• [WORK INSTRUCTION] The entries follow. Copy every line in which "voorgaande" appears.

• [Records from a collection]
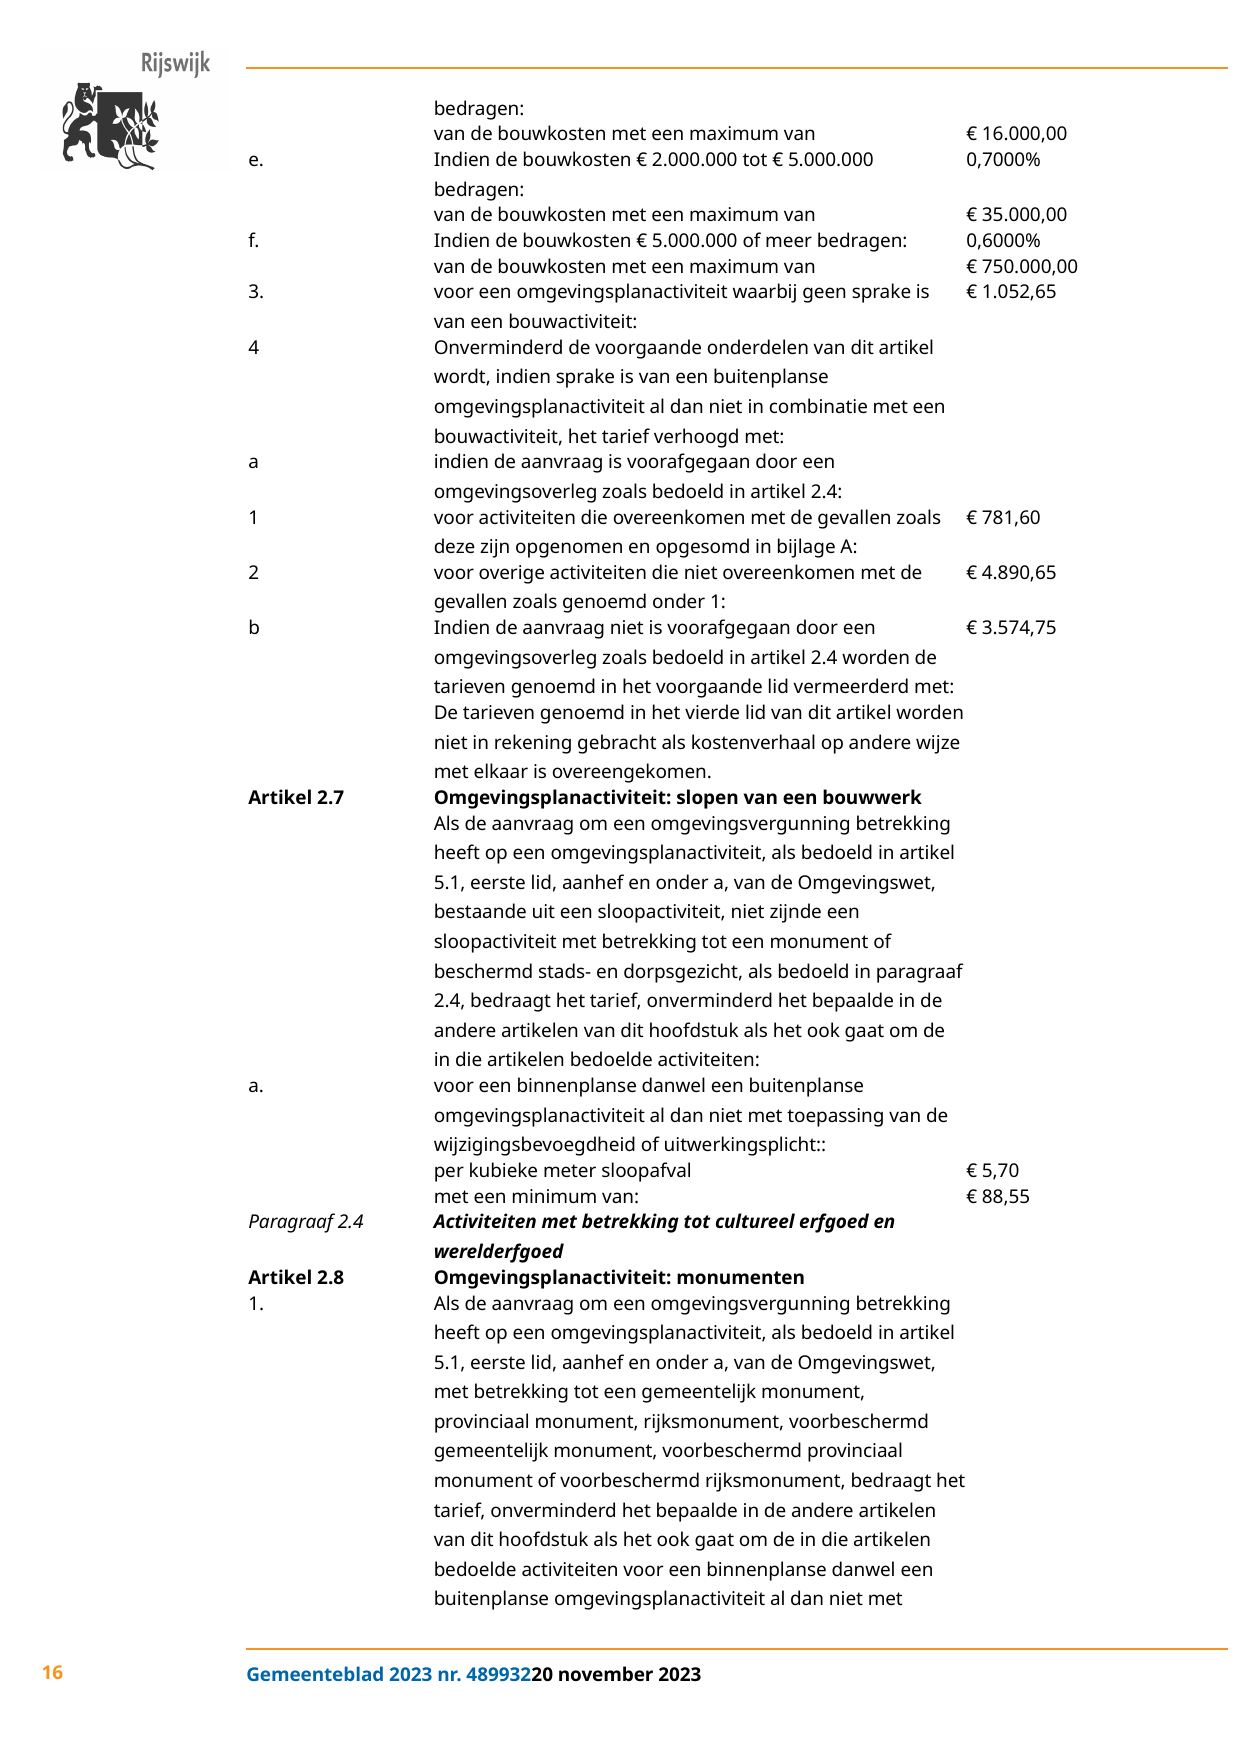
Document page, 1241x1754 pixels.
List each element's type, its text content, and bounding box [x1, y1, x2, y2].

table_cell per kubieke meter sloopafval [434, 1157, 966, 1183]
table_cell [248, 699, 433, 784]
table_cell € 781,60 [966, 504, 1152, 559]
table_cell Artikel 2.8 [248, 1264, 433, 1290]
table_cell a [248, 449, 433, 504]
table_cell [248, 121, 433, 146]
table_cell Artikel 2.7 [248, 784, 433, 810]
table_cell [966, 1209, 1152, 1264]
table_cell [966, 784, 1152, 810]
table_cell € 3.574,75 [966, 615, 1152, 699]
table_cell a. [248, 1073, 433, 1157]
table_cell € 35.000,00 [966, 202, 1152, 227]
table_cell Indien de bouwkosten € 2.000.000 tot € 5.000.000 bedragen: [434, 146, 966, 202]
table_cell [966, 334, 1152, 448]
table_cell van de bouwkosten met een maximum van [434, 121, 966, 146]
table_cell bedragen: [434, 95, 966, 121]
table_cell 0,6000% [966, 227, 1152, 253]
table_cell [248, 95, 433, 121]
table_cell van de bouwkosten met een maximum van [434, 202, 966, 227]
table_cell voor een omgevingsplanactiviteit waarbij geen sprake is van een bouwactiviteit: [434, 279, 966, 334]
table_cell 0,7000% [966, 146, 1152, 202]
table_cell [248, 253, 433, 279]
table_cell met een minimum van: [434, 1183, 966, 1209]
table_cell e. [248, 146, 433, 202]
table_cell f. [248, 227, 433, 253]
table_cell Onverminderd de voorgaande onderdelen van dit artikel wordt, indien sprake is van een buitenplanse omgevingsplanactiviteit al dan niet in combinatie met een bouwactiviteit, het tarief verhoogd met: [434, 334, 966, 448]
table_cell [966, 1290, 1152, 1611]
table_cell indien de aanvraag is voorafgegaan door een omgevingsoverleg zoals bedoeld in artikel 2.4: [434, 449, 966, 504]
table_cell 1 [248, 504, 433, 559]
table_cell [966, 95, 1152, 121]
picture [41, 47, 231, 172]
table_cell Omgevingsplanactiviteit: slopen van een bouwwerk [434, 784, 966, 810]
table_cell 1. [248, 1290, 433, 1611]
table_cell [248, 1157, 433, 1183]
table_cell € 5,70 [966, 1157, 1152, 1183]
table_cell Als de aanvraag om een omgevingsvergunning betrekking heeft op een omgevingsplanactiviteit, als bedoeld in artikel 5.1, eerste lid, aanhef en onder a, van de Omgevingswet, bestaande uit een sloopactiviteit, niet zijnde een sloopactiviteit met betrekking tot een monument of beschermd stads- en dorpsgezicht, als bedoeld in paragraaf 2.4, bedraagt het tarief, onverminderd het bepaalde in de andere artikelen van dit hoofdstuk als het ook gaat om de in die artikelen bedoelde activiteiten: [434, 810, 966, 1072]
table_cell [966, 1073, 1152, 1157]
table_cell [248, 1183, 433, 1209]
table_cell De tarieven genoemd in het vierde lid van dit artikel worden niet in rekening gebracht als kostenverhaal op andere wijze met elkaar is overeengekomen. [434, 699, 966, 784]
table_cell € 16.000,00 [966, 121, 1152, 146]
table_cell € 88,55 [966, 1183, 1152, 1209]
table_cell Indien de bouwkosten € 5.000.000 of meer bedragen: [434, 227, 966, 253]
table_cell van de bouwkosten met een maximum van [434, 253, 966, 279]
table_cell € 1.052,65 [966, 279, 1152, 334]
table_cell [248, 810, 433, 1072]
table_cell Activiteiten met betrekking tot cultureel erfgoed en werelderfgoed [434, 1209, 966, 1264]
table_cell voor overige activiteiten die niet overeenkomen met de gevallen zoals genoemd onder 1: [434, 559, 966, 614]
table_cell [966, 449, 1152, 504]
table_cell [248, 202, 433, 227]
table_cell Paragraaf 2.4 [248, 1209, 433, 1264]
table_cell voor activiteiten die overeenkomen met de gevallen zoals deze zijn opgenomen en opgesomd in bijlage A: [434, 504, 966, 559]
table_cell b [248, 615, 433, 699]
table_cell € 750.000,00 [966, 253, 1152, 279]
table_cell [966, 1264, 1152, 1290]
table_cell 2 [248, 559, 433, 614]
table_cell [966, 699, 1152, 784]
table_cell Omgevingsplanactiviteit: monumenten [434, 1264, 966, 1290]
table_cell 3. [248, 279, 433, 334]
table_cell Indien de aanvraag niet is voorafgegaan door een omgevingsoverleg zoals bedoeld in artikel 2.4 worden de tarieven genoemd in het voorgaande lid vermeerderd met: [434, 615, 966, 699]
table_cell [966, 810, 1152, 1072]
table_cell Als de aanvraag om een omgevingsvergunning betrekking heeft op een omgevingsplanactiviteit, als bedoeld in artikel 5.1, eerste lid, aanhef en onder a, van de Omgevingswet, met betrekking tot een gemeentelijk monument, provinciaal monument, rijksmonument, voorbeschermd gemeentelijk monument, voorbeschermd provinciaal monument of voorbeschermd rijksmonument, bedraagt het tarief, onverminderd het bepaalde in de andere artikelen van dit hoofdstuk als het ook gaat om de in die artikelen bedoelde activiteiten voor een binnenplanse danwel een buitenplanse omgevingsplanactiviteit al dan niet met [434, 1290, 966, 1611]
table_cell 4 [248, 334, 433, 448]
table_cell € 4.890,65 [966, 559, 1152, 614]
table_cell voor een binnenplanse danwel een buitenplanse omgevingsplanactiviteit al dan niet met toepassing van de wijzigingsbevoegdheid of uitwerkingsplicht:: [434, 1073, 966, 1157]
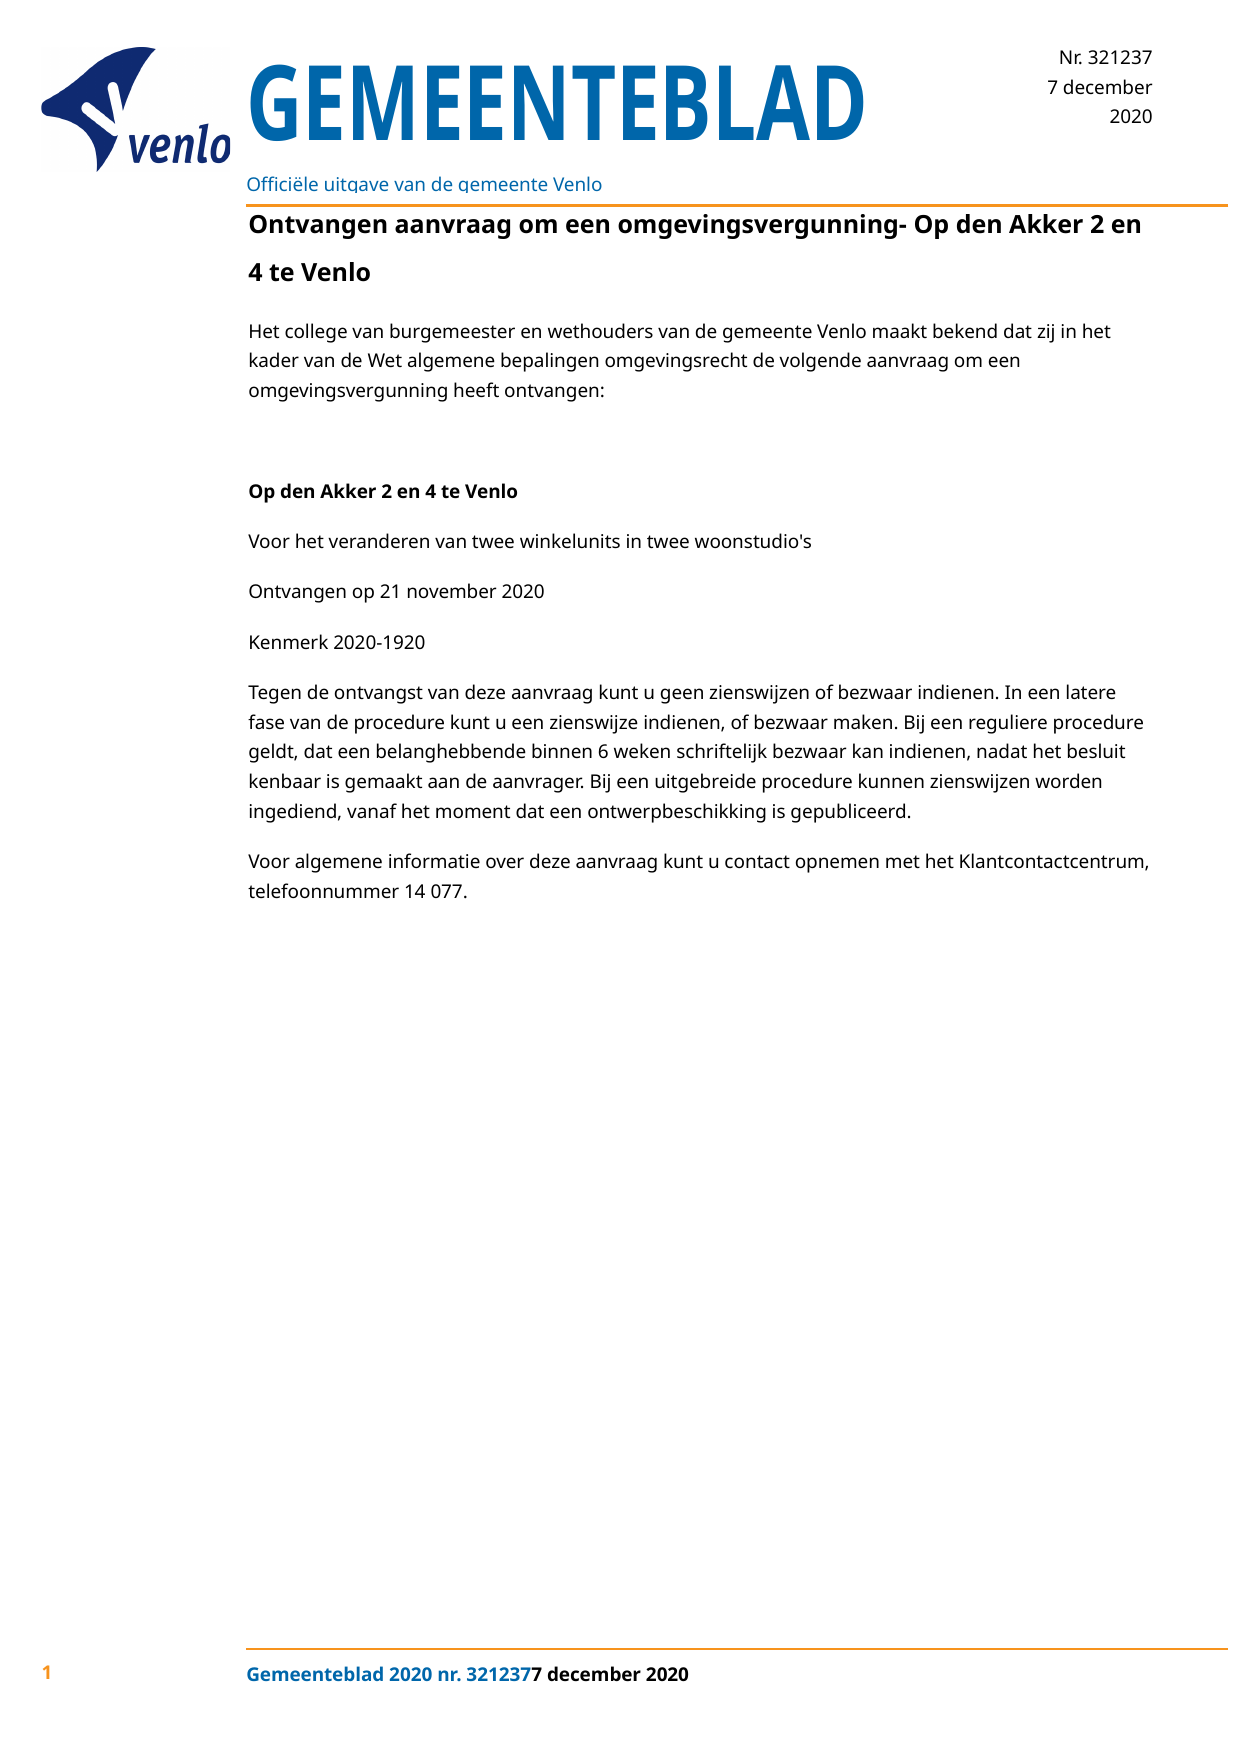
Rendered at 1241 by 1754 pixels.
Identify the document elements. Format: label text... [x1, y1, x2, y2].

text Op den Akker 2 en 4 te Venlo [248, 478, 1152, 504]
text Het college van burgemeester en wethouders van de gemeente Venlo maakt bekend dat zij in het kader van de Wet algemene bepalingen omgevingsrecht de volgende aanvraag om een omgevingsvergunning heeft ontvangen: [248, 318, 1152, 403]
text Ontvangen aanvraag om een omgevingsvergunning- Op den Akker 2 en 4 te Venlo [248, 207, 1152, 288]
text Tegen de ontvangst van deze aanvraag kunt u geen zienswijzen of bezwaar indienen. In een latere fase van de procedure kunt u een zienswijze indienen, of bezwaar maken. Bij een reguliere procedure geldt, dat een belanghebbende binnen 6 weken schriftelijk bezwaar kan indienen, nadat het besluit kenbaar is gemaakt aan de aanvrager. Bij een uitgebreide procedure kunnen zienswijzen worden ingediend, vanaf het moment dat een ontwerpbeschikking is gepubliceerd. [248, 679, 1152, 824]
text Voor algemene informatie over deze aanvraag kunt u contact opnemen met het Klantcontactcentrum, telefoonnummer 14 077. [248, 848, 1152, 904]
text Voor het veranderen van twee winkelunits in twee woonstudio's [248, 528, 1152, 554]
text Kenmerk 2020-1920 [248, 629, 1152, 655]
text Ontvangen op 21 november 2020 [248, 579, 1152, 604]
picture [41, 47, 231, 172]

• [RESPONSE BELOW]
table_cell Onverminderd de voorgaande onderdelen van dit artikel wordt, indien sprake is van een buitenplanse omgevingsplanactiviteit al dan niet in combinatie met een bouwactiviteit, het tarief verhoogd met: [434, 334, 966, 448]
table_cell Indien de aanvraag niet is voorafgegaan door een omgevingsoverleg zoals bedoeld in artikel 2.4 worden de tarieven genoemd in het voorgaande lid vermeerderd met: [434, 615, 966, 699]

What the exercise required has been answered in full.